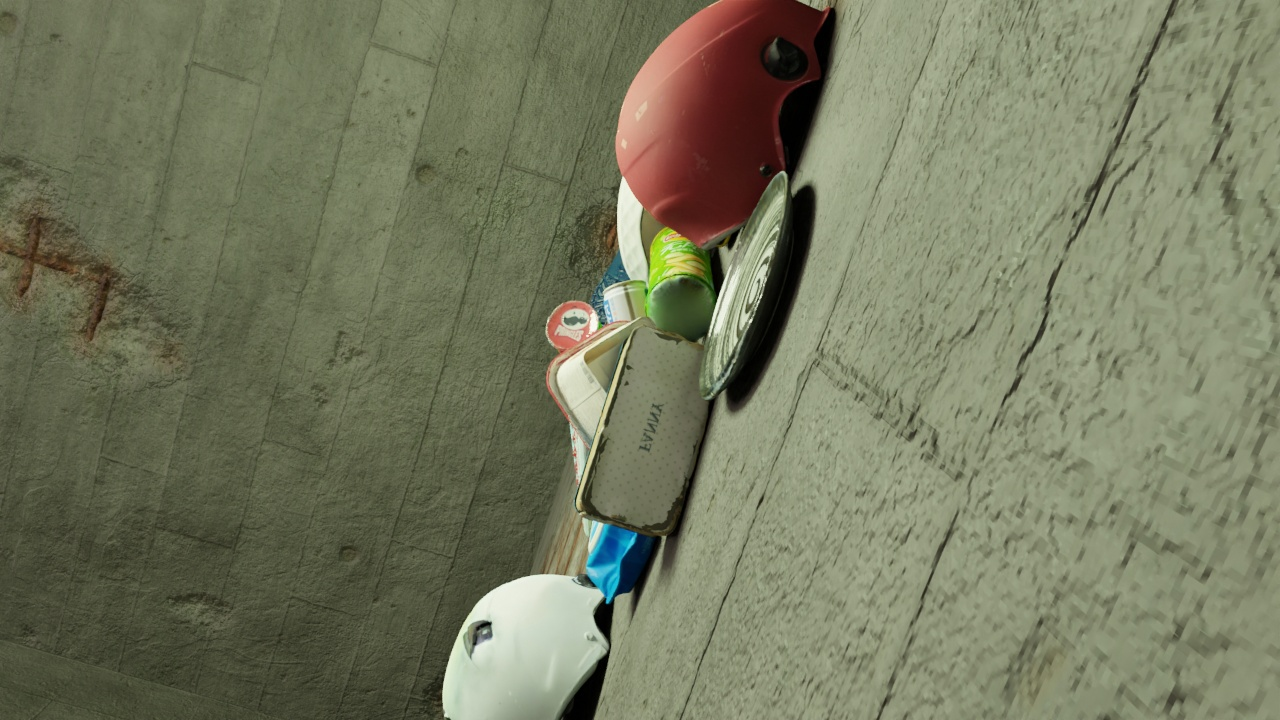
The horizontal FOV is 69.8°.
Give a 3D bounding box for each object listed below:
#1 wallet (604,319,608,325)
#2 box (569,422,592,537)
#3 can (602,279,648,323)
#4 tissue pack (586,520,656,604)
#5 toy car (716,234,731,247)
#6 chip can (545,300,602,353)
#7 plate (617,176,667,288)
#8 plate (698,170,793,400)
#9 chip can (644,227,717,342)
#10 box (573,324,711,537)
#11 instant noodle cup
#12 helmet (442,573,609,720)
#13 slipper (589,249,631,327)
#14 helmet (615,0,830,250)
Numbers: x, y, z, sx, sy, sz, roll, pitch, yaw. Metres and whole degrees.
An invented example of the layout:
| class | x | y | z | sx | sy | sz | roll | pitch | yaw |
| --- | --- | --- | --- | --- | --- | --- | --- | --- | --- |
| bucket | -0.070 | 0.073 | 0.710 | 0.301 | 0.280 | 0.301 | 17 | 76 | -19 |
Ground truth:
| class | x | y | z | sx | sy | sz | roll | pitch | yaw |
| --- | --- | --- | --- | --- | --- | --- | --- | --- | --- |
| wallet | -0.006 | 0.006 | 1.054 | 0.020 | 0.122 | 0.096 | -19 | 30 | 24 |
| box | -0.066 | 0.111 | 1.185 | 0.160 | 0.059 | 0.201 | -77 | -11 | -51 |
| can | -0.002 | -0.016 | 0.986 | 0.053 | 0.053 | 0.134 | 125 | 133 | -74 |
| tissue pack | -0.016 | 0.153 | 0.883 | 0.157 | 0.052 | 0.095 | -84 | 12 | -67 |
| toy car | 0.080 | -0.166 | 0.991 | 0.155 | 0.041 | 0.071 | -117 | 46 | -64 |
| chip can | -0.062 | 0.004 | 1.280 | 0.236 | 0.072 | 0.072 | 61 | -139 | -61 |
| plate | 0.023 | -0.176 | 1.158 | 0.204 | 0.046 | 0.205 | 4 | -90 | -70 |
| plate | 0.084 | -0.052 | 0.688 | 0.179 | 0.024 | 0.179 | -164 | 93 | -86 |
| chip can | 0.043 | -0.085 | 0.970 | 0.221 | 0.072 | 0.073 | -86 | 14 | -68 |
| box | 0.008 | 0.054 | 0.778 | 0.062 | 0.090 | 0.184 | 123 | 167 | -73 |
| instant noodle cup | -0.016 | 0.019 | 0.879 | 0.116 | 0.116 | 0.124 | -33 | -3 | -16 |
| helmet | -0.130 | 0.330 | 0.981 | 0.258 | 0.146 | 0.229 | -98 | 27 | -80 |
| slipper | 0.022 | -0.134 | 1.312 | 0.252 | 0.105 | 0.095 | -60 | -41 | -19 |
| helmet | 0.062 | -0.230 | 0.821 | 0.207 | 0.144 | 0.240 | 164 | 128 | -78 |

*DESCRIPTION OF THE TASK*
When you reproduce the material, keep every word exact and leave each picture out.

*RESPONSE AREA*
The horizontal FOV is 69.8°.
Give a 3D bounding box for each object listed below:
#1 wallet (604,319,608,325)
#2 box (569,422,592,537)
#3 can (602,279,648,323)
#4 tissue pack (586,520,656,604)
#5 toy car (716,234,731,247)
#6 chip can (545,300,602,353)
#7 plate (617,176,667,288)
#8 plate (698,170,793,400)
#9 chip can (644,227,717,342)
#10 box (573,324,711,537)
#11 instant noodle cup
#12 helmet (442,573,609,720)
#13 slipper (589,249,631,327)
#14 helmet (615,0,830,250)
Numbers: x, y, z, sx, sy, sz, roll, pitch, yaw. Metres and whole degrees.
An invented example of the layout:
| class | x | y | z | sx | sy | sz | roll | pitch | yaw |
| --- | --- | --- | --- | --- | --- | --- | --- | --- | --- |
| bucket | -0.070 | 0.073 | 0.710 | 0.301 | 0.280 | 0.301 | 17 | 76 | -19 |
Ground truth:
| class | x | y | z | sx | sy | sz | roll | pitch | yaw |
| --- | --- | --- | --- | --- | --- | --- | --- | --- | --- |
| wallet | -0.006 | 0.006 | 1.054 | 0.020 | 0.122 | 0.096 | -19 | 30 | 24 |
| box | -0.066 | 0.111 | 1.185 | 0.160 | 0.059 | 0.201 | -77 | -11 | -51 |
| can | -0.002 | -0.016 | 0.986 | 0.053 | 0.053 | 0.134 | 125 | 133 | -74 |
| tissue pack | -0.016 | 0.153 | 0.883 | 0.157 | 0.052 | 0.095 | -84 | 12 | -67 |
| toy car | 0.080 | -0.166 | 0.991 | 0.155 | 0.041 | 0.071 | -117 | 46 | -64 |
| chip can | -0.062 | 0.004 | 1.280 | 0.236 | 0.072 | 0.072 | 61 | -139 | -61 |
| plate | 0.023 | -0.176 | 1.158 | 0.204 | 0.046 | 0.205 | 4 | -90 | -70 |
| plate | 0.084 | -0.052 | 0.688 | 0.179 | 0.024 | 0.179 | -164 | 93 | -86 |
| chip can | 0.043 | -0.085 | 0.970 | 0.221 | 0.072 | 0.073 | -86 | 14 | -68 |
| box | 0.008 | 0.054 | 0.778 | 0.062 | 0.090 | 0.184 | 123 | 167 | -73 |
| instant noodle cup | -0.016 | 0.019 | 0.879 | 0.116 | 0.116 | 0.124 | -33 | -3 | -16 |
| helmet | -0.130 | 0.330 | 0.981 | 0.258 | 0.146 | 0.229 | -98 | 27 | -80 |
| slipper | 0.022 | -0.134 | 1.312 | 0.252 | 0.105 | 0.095 | -60 | -41 | -19 |
| helmet | 0.062 | -0.230 | 0.821 | 0.207 | 0.144 | 0.240 | 164 | 128 | -78 |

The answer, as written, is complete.